Camelot movie poster.jpg

“Don’t let it be forgot/That once there was a spot/For one brief shining moment/that was known as Camelot.” Might for Right. Justice for All. Proposition:  does nominative determinism predispose one to a penchant for a particular film? Um, yes, in my case I was named to love all things Arthurian – even this, a famously lambasted adaptation of the long-running stage hit from Lerner and Loewe. The show was adapted from TH White’s The Once and Future King and Lerner did the screenplay which was directed by Josh Logan, a man not unfamiliar with the musical genre. King Arthur is looking back at his life on the eve of battling his best friend, Lancelot du Lac, whose romance with Queen Guinevere has broken up their marriage and the Round Table and the dreams of law and chivalry, with impish David Hemmings as the bastard Mordred planning a takeover.

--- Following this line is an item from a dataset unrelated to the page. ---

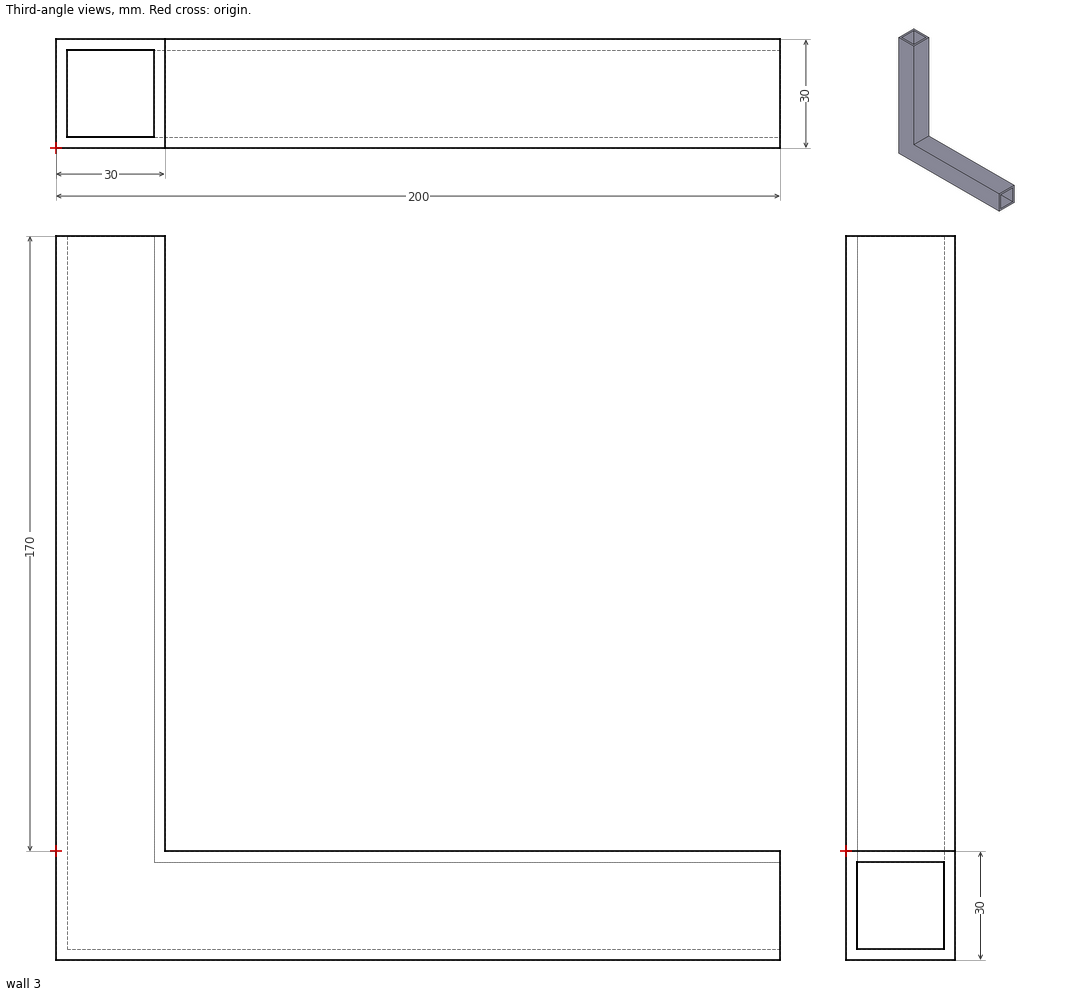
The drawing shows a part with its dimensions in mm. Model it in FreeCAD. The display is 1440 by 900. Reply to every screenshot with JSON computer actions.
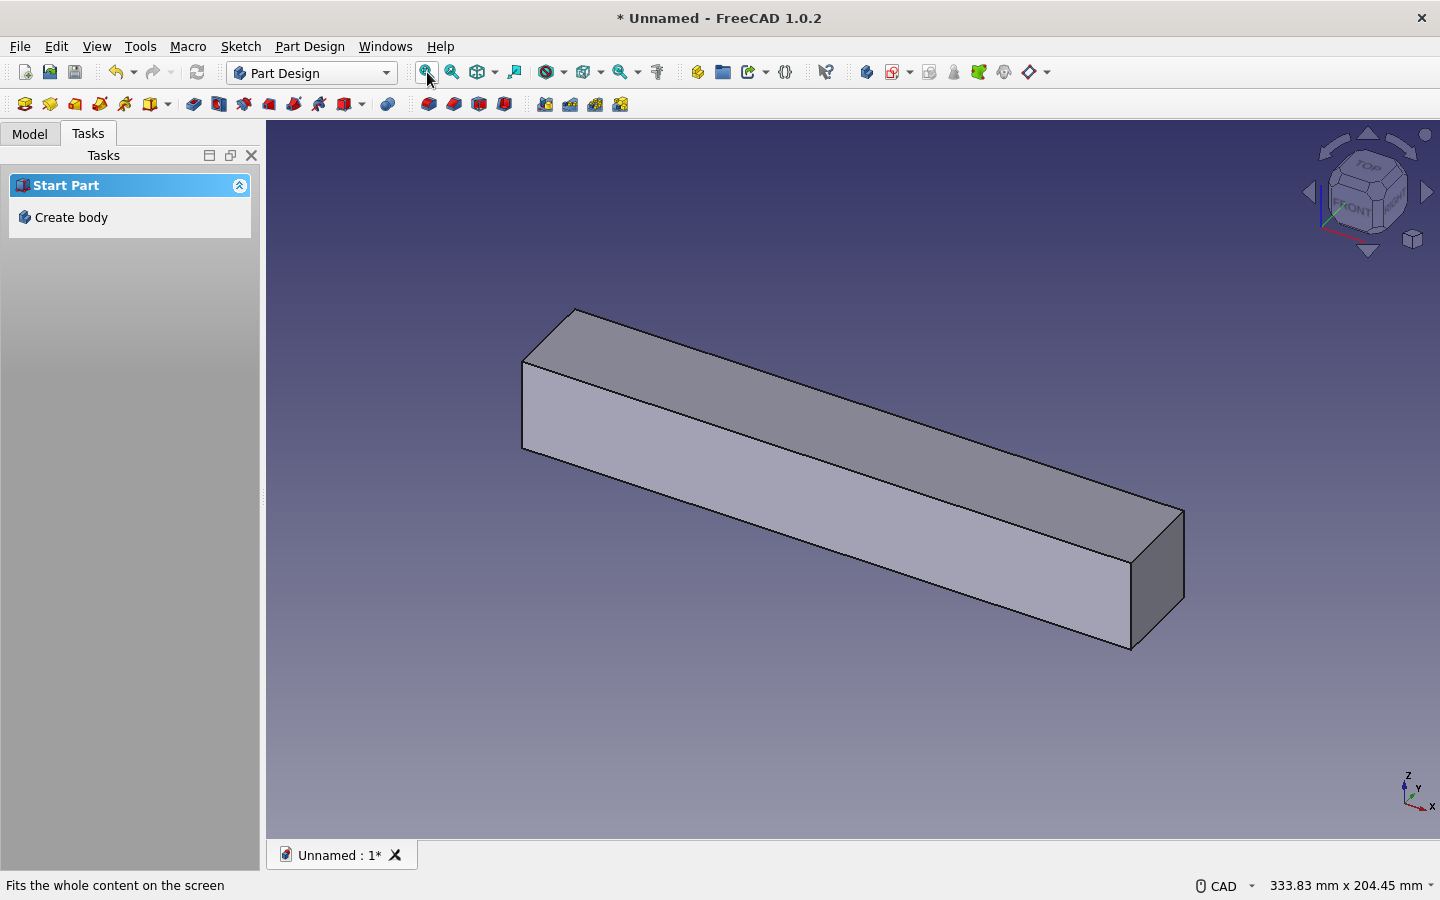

If you don’t find your heart beating lighter when Franco Nero sings to Vanessa Redgrave one of the great songs, If Ever I Would Leave You… then you must be made of stone. They fell in love in real life, Redgrave bore him a son and then in 2006 they finally married. In an art-imitates-life-imitates-art scenario they were reunited onscreen as former teenage lovers reuinited in old age in Letters to Juliet (2010). Even at 3 hours there are several songs omitted as well as the character of Morgan Le Fay, but hey, it’s less problematic than time-travelling to Broadway circa 1960. This is the musical that made Richard Harris a very wealthy man when he spent years touring it. Great Bank Holiday viewing! Now, where’s my soundtrack album…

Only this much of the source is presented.